Changes to Plans Under RERA

Section 14 of the Real Estate (Regulation and Development) Act, 2016 converts the sanctioned plan into a legally enforceable promise. A promoter cannot alter the approved layout, building specifications or common amenities without written consent from every affected allottee — and for project-wide structural changes, that threshold climbs to two-thirds of all allottees excluding the promoter. Violate that rule and the RERA authority can void the change, impose a monetary penalty up to 5% of the estimated project cost, and order full restitution or a refund with interest. This post unpacks exactly what that means in practice for FY 2026-27.


What Section 14 of RERA Actually Says

Section 14 of the Real Estate (Regulation and Development) Act, 2016 is brief in text but sweeping in effect. It imposes obligations on the promoter at three distinct levels: what must be delivered as promised, what can only be changed with consent, and how long the promoter remains liable after possession.

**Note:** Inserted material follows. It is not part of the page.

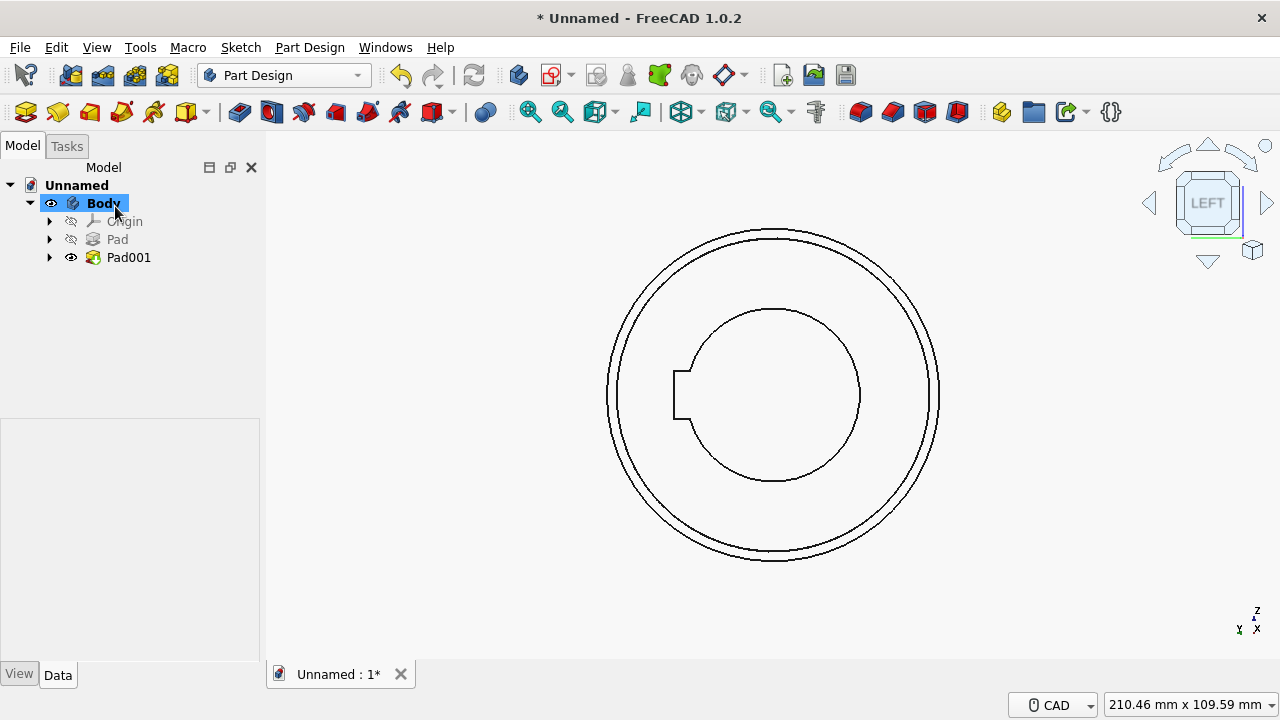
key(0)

Section 14(1): The Completion Certificate Obligation

Section 14(1) requires the promoter to obtain the completion certificate or occupancy certificate from the competent local authority before handing over possession, and to make that certificate available to individual allottees or through the association of allottees. This provision is the legal underpinning that ties physical delivery to the sanctioned plan — you cannot have a valid completion certificate for a building that deviates materially from what the local authority approved.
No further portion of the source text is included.